書籍は発刊数減も電子書籍が補う形で伸長。東京オリンピックに向けたインバウンド事業の費用計上で損失が拡大。
カドカワ株式会社は、8月9日に平成31年3月期第1四半期決算を発表した。当期連結売上高は496億3100万円(前年同期比0.6%減)、営業利益は3億9900万円(同49.5%減)、経常利益は11億1100万円(同737%増)、親会社株主に帰属する四半期純利益は3億6800万円だった。
経営成績に関する説明
Webサービス事業
動画プラットフォーム「niconico」における「ニコニコプレミアム会員」のサービス収入が柱であり、ウェブサイト上のバナー等の広告、有料動画等の関連収益を計上。
当期末における「ニコニコプレミアム会員」は200万人に減少。

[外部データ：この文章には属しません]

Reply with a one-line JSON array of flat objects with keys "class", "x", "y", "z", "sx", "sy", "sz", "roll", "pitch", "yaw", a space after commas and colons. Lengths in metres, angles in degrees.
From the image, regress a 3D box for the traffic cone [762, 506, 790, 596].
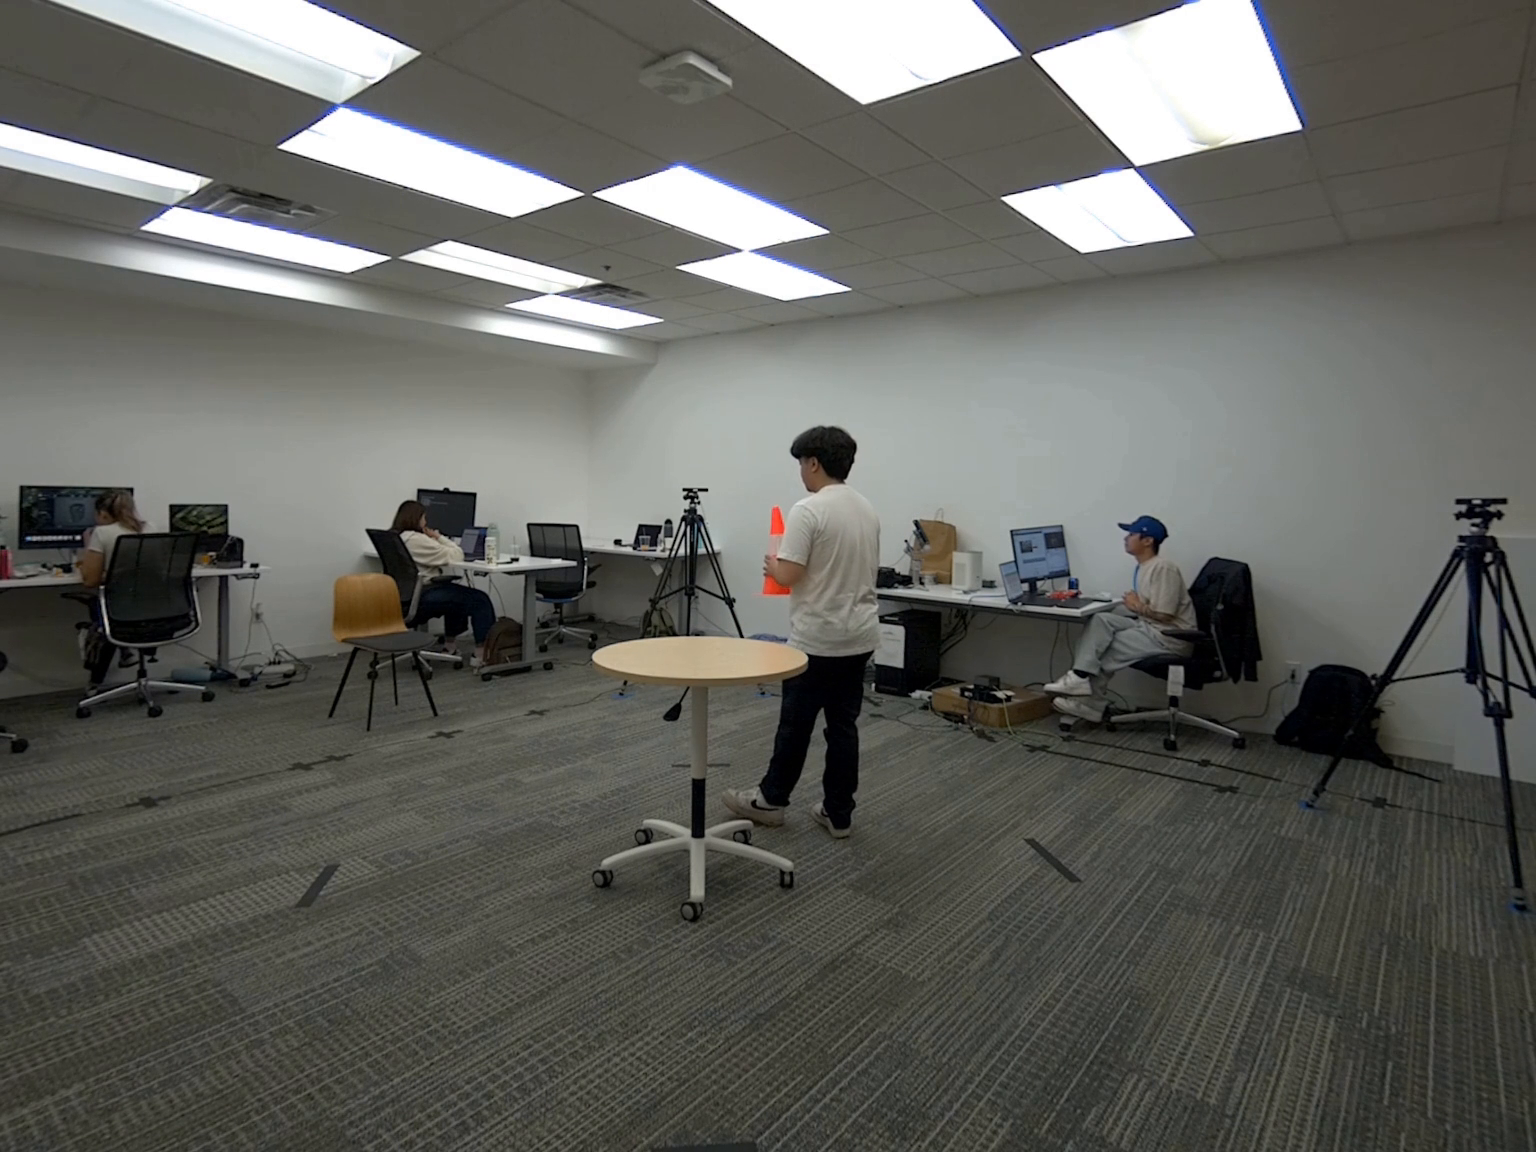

改善対応にかかる費用や新サービスの開発費用が減益要因となった。期初想定よりもプレミアム会員数の減少幅は小さく、業績は期初予想を上回る結果となった。
「niconico」については、動画のフルHD画質(1080p)や生放送のHD画質(720p)対応、動画の非ログイン視聴対応など、動画・生放送サービスの機能改善に注力し、6月28日に新バージョンの(く)(読み方:クレッシェンド)の提供を開始した。
ライブでは、競合する他の動画サービスとの差別化を図るため「ネットとリアルの融合」をテーマに各種ライブイベントの企画・運営、ライブハウス「ニコファーレ」の運営などを行なっている。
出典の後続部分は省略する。